In birds, all the colors and patterns of egg break down into two pigments: biliverdin, which produces blue-green, and protoporphyrin IX, which gives reddish brown. Wiemann and Norell used a technique called Raman microspectroscopy to find and measure the concentration of small amounts of these pigments in dinosaur eggs to reconstruct their colors and patterns. This technique is extremely sensitive and does not destroy the valuable eggshell samples during their analysis, says Norell.

Next, scientists mapped each colored egg on a tree of the dinosaur family (also called phylogenetic). They discovered that colored eggs appeared early in the dinosaur ancestry to Therapods, the family from which modern birds came down, when the dinosaurs stopped burying or covering their eggs, explains Norell. The timing suggests that the ability to make a pigmented egg has evolved only once, "and has not evolved near the ancestor of birds, and that it has evolved much deeper into the family tree of dinosaurs, "says Norell.
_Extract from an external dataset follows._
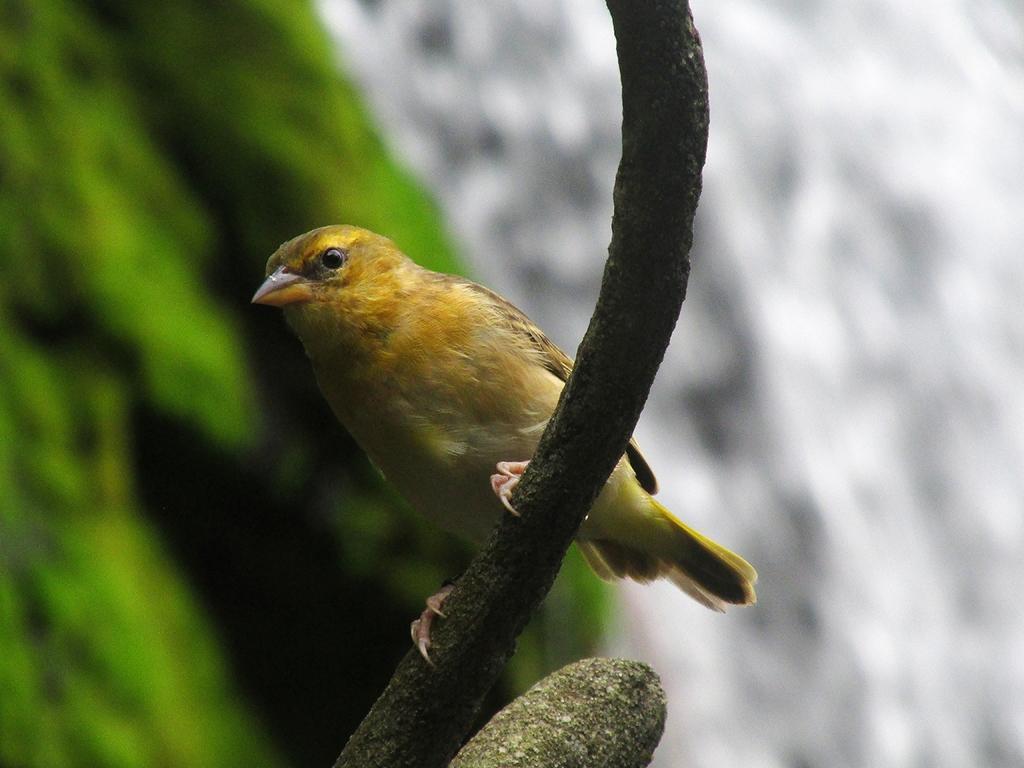In one or two sentences, can you explain what this image depicts? In this image I can see a bird which is yellow, orange, brown, green and black in color on a wooden stick. I can see the blurry background which is white, green and black in color.

Today's reptiles bury or cover their eggs unadorned, while scientists believe that colored shells have probably evolved to protect eggs in exposed nests. Pigmented eggshells could camouflage broods laid in open nests, help birds identify their own pups to counter parasitism, filter out sunlight, keep eggs at the right temperature, and block invading bacteria when Ultraviolet light excites the brown pigment, says Hanley.

"Once you build an open nest, the egg is exposed to the environment, to potential predators, to nesting parasites, to parents," says Wiemann.[there’s a] selective pressure that promotes the evolution of the color of the egg. "

The resemblance of the egg shell could mean that we can turn to modern bird life to "predict the ecology of dinosaurs" in the past, Hanley said. "That would be super cool."